The court dismissed his case within a month for missing credit counseling proof and filing fees. Yet NVA continued debiting his account for “loan modification services” while pressuring him to file again.

When the homeowner hired legitimate counsel, the defendants urged him to fire the attorney and let them continue “working his file.” His new lawyer successfully reopened the case and negotiated an actual loan modification.

“This judgment makes clear that those who abuse the bankruptcy system to exploit struggling homeowners will be held accountable,” said Acting Director Ramona D. Elliott of the Executive Office for U.S. Trustees. “The USTP will remain vigilant to root out schemes that threaten the integrity of the bankruptcy system.”

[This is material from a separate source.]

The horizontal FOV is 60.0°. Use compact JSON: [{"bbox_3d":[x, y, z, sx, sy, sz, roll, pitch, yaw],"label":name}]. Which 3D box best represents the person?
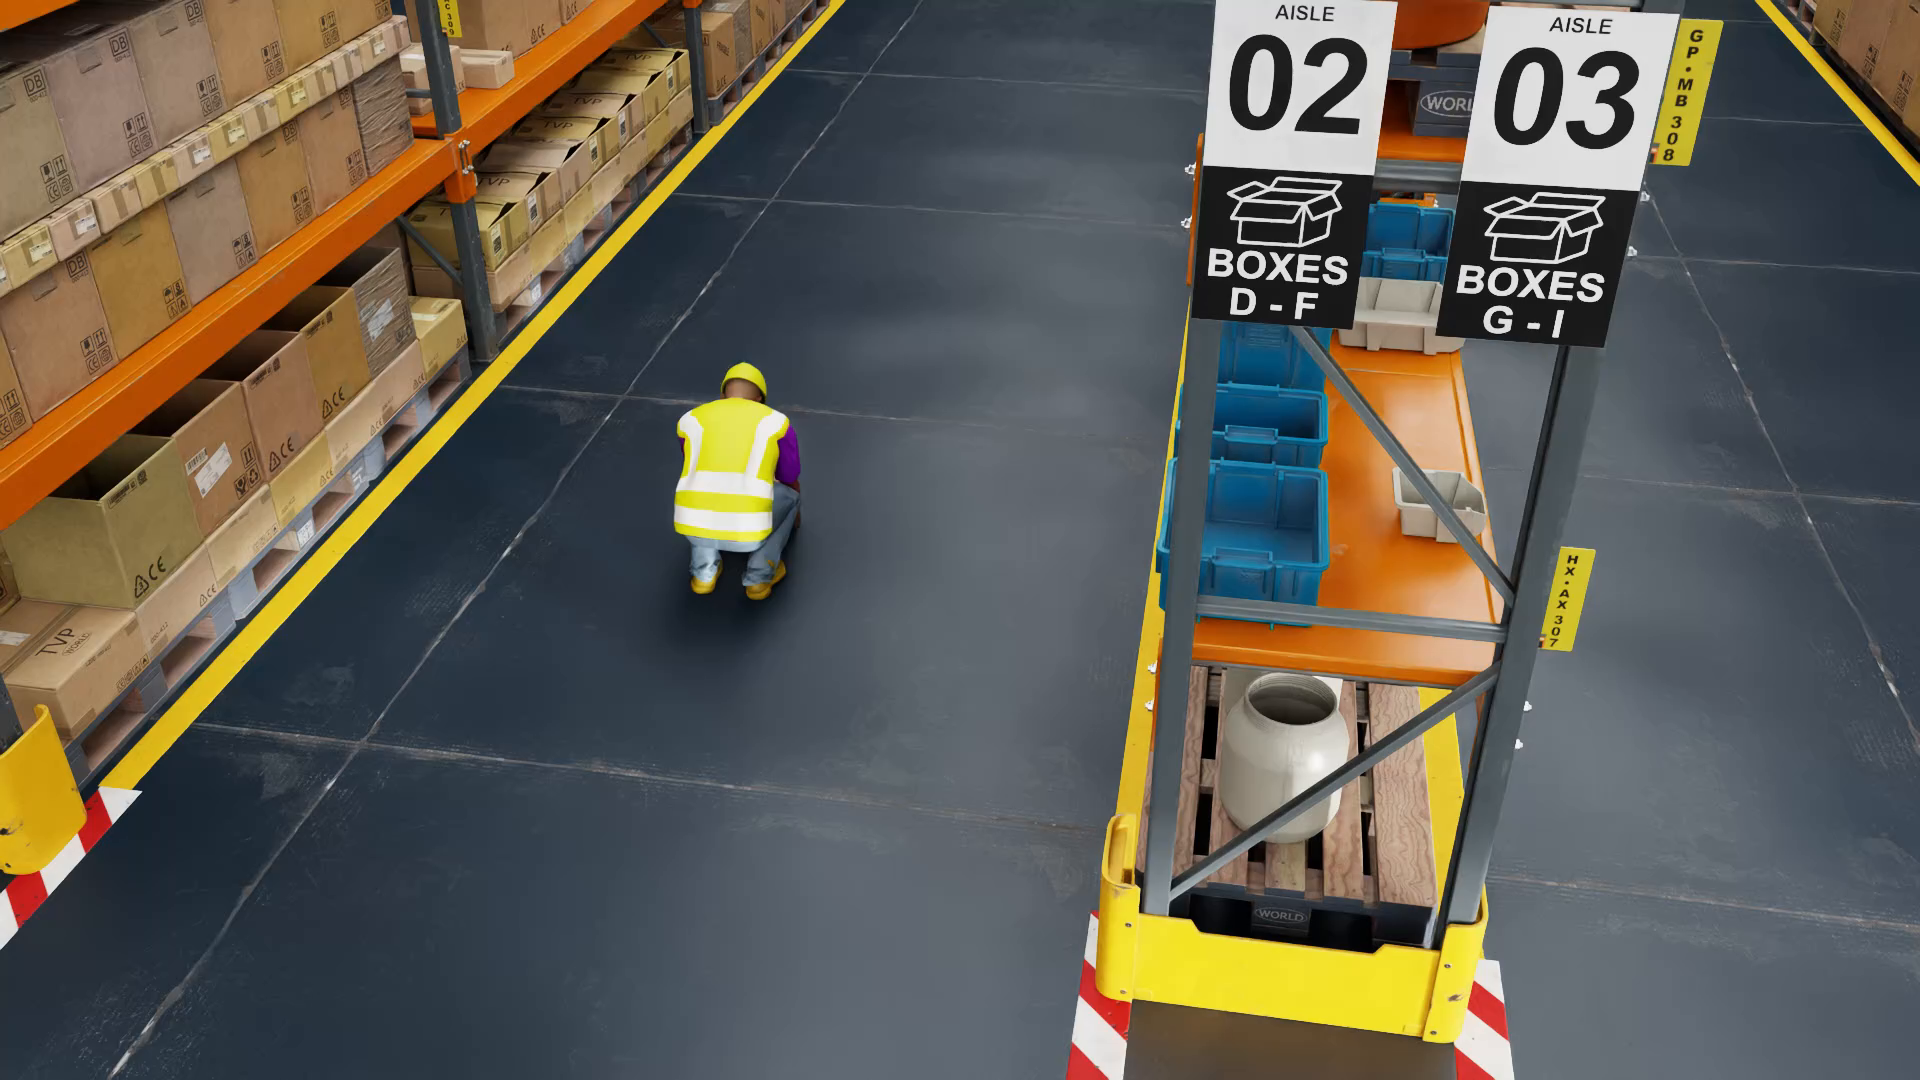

The court’s August 28 ruling followed an eight-day trial examining how defendants violated multiple bankruptcy code sections. The judgment found they operated as unregistered petition preparers, debt relief agencies, and attorneys while hiding their involvement.

Beyond the financial penalties, the court suspended Kisch and the Louisiana counsel from bankruptcy practice. Both face referrals to attorney disciplinary boards for professional conduct violations.

Two associates also face disciplinary referrals for unauthorized law practice. The comprehensive ruling sends a clear message about protecting bankruptcy system integrity.

The U.S. Trustee Program oversees bankruptcy cases nationwide through 21 regions and 88 field offices. Its mission focuses on protecting all stakeholders — debtors, creditors, and the public — from fraudulent schemes that undermine the system’s purpose.